_PROVIDED ENTRIES_:
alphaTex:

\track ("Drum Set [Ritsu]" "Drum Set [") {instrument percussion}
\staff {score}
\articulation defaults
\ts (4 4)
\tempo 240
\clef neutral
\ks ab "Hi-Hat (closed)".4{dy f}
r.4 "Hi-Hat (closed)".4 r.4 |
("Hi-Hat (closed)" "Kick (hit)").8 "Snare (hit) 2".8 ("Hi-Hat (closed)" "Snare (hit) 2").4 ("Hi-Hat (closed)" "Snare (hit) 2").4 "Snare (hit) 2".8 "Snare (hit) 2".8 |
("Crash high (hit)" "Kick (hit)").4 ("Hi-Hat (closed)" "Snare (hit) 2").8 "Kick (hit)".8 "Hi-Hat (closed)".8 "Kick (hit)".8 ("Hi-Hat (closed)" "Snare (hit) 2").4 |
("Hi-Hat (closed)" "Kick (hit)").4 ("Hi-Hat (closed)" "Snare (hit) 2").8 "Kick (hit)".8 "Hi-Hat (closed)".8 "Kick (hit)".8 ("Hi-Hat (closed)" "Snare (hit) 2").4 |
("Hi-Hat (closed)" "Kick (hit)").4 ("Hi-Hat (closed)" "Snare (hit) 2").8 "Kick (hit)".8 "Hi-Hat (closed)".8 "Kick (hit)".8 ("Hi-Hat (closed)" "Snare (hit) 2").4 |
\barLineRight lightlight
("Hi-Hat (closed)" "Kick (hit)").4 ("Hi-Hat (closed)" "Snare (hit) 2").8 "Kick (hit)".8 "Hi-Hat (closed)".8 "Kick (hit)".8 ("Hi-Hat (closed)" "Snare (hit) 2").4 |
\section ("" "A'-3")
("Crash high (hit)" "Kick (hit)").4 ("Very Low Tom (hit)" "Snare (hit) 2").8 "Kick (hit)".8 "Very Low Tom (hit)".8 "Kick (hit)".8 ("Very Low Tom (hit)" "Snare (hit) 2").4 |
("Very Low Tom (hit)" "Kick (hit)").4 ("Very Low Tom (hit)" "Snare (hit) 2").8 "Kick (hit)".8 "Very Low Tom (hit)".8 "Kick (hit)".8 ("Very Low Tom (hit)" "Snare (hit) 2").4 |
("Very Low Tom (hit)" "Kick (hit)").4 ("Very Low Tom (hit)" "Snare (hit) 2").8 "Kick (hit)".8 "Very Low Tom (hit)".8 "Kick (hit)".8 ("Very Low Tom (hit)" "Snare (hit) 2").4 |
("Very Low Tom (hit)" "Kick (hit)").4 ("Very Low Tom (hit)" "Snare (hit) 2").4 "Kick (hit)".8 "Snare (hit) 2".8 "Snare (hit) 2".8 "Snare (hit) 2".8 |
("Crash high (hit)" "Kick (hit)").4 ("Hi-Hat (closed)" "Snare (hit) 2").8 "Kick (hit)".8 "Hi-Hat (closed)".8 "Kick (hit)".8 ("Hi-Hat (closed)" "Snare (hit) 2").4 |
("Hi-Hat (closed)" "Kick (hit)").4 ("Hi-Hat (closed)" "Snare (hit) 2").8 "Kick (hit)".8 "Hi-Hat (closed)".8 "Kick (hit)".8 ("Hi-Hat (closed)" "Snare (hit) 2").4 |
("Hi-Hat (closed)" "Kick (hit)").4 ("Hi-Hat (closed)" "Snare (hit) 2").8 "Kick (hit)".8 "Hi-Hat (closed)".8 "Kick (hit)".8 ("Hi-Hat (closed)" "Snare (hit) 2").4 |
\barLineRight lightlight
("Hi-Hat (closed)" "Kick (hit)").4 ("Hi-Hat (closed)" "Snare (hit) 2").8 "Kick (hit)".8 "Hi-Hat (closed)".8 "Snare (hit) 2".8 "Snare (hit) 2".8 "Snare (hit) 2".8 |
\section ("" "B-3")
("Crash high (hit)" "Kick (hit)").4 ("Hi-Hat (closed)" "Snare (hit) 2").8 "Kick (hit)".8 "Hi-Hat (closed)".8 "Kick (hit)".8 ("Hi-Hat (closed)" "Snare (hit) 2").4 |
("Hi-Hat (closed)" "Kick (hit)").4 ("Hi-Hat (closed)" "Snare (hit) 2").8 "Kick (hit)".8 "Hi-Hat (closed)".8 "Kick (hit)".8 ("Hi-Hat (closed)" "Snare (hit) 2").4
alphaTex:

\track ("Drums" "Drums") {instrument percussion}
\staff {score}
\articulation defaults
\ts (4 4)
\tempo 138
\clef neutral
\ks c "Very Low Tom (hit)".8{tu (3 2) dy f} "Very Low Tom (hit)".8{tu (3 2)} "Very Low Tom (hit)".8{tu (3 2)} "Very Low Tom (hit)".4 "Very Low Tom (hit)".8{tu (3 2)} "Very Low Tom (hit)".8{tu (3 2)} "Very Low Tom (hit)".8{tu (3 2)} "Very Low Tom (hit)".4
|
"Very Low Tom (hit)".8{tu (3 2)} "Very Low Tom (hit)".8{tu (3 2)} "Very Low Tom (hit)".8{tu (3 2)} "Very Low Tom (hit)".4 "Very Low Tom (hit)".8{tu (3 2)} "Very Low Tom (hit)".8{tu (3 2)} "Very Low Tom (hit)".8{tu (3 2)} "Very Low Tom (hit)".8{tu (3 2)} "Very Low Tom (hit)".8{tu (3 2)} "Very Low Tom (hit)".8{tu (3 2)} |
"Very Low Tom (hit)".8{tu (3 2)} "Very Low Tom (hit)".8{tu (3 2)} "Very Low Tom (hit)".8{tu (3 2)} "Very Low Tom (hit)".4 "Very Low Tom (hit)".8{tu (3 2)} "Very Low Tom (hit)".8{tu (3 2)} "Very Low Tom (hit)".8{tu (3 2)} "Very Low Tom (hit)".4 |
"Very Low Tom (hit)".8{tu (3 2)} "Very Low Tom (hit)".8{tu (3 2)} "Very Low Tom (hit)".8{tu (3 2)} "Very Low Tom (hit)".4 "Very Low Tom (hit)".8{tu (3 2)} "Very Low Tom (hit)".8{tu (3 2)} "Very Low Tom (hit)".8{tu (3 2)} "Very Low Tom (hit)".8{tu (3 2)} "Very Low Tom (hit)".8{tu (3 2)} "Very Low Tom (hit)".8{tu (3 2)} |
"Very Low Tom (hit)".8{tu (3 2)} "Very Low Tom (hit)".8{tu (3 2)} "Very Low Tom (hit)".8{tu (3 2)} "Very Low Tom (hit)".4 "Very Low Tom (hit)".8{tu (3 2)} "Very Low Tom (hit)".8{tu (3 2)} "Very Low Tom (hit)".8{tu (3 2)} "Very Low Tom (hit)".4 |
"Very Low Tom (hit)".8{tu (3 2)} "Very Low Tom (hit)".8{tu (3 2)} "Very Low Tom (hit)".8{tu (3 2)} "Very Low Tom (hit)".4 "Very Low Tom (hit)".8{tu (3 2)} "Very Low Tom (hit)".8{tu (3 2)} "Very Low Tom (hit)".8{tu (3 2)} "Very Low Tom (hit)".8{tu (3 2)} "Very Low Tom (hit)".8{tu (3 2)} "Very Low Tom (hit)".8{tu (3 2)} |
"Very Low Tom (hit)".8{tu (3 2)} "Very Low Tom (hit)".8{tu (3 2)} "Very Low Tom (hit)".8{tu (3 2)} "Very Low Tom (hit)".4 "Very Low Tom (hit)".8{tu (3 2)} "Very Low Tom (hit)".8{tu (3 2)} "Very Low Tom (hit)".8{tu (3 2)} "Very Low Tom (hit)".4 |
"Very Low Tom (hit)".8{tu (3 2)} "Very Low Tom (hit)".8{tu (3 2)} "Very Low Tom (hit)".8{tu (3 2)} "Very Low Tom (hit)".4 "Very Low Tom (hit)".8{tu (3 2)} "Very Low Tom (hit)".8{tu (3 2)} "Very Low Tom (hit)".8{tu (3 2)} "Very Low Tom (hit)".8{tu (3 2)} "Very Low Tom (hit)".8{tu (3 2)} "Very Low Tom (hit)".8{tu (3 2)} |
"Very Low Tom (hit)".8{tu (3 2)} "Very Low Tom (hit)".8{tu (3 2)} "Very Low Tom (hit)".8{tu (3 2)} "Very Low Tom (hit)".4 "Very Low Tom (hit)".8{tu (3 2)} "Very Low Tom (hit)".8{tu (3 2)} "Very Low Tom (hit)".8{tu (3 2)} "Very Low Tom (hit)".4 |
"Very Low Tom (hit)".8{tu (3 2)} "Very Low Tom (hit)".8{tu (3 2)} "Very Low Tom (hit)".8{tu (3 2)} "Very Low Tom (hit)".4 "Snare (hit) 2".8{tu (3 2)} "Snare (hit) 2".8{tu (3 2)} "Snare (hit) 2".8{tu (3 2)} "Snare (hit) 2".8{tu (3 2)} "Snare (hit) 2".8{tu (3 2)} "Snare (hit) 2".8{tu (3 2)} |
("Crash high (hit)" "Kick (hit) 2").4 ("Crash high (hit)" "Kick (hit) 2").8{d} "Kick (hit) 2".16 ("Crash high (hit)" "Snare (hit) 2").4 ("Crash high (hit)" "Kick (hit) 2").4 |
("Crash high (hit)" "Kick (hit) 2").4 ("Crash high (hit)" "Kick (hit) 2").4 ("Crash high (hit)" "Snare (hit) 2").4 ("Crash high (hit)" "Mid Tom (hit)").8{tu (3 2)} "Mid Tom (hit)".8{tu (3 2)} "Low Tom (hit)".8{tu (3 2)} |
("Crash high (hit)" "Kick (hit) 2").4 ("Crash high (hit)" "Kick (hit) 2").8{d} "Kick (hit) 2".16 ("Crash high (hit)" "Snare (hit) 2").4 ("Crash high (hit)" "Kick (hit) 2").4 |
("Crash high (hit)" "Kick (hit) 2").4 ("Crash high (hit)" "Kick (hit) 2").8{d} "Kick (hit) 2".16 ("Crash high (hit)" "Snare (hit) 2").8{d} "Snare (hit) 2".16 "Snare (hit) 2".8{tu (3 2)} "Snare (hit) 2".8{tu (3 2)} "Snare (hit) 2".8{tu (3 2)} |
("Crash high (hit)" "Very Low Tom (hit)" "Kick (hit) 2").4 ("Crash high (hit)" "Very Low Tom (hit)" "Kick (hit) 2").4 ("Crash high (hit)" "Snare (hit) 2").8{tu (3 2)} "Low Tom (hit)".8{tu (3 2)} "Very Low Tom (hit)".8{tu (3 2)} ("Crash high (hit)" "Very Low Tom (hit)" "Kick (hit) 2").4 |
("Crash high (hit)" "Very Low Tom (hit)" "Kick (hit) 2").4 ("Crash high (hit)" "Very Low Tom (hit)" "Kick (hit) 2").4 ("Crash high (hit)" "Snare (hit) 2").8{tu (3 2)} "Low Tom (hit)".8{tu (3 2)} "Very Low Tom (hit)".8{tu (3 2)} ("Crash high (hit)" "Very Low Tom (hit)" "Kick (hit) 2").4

_EXERCISE_:
Every line above that contains the word "track" should be reported.

_WRITTEN ANSWER_:
\track ("Drum Set [Ritsu]" "Drum Set [") {instrument percussion}
\track ("Drums" "Drums") {instrument percussion}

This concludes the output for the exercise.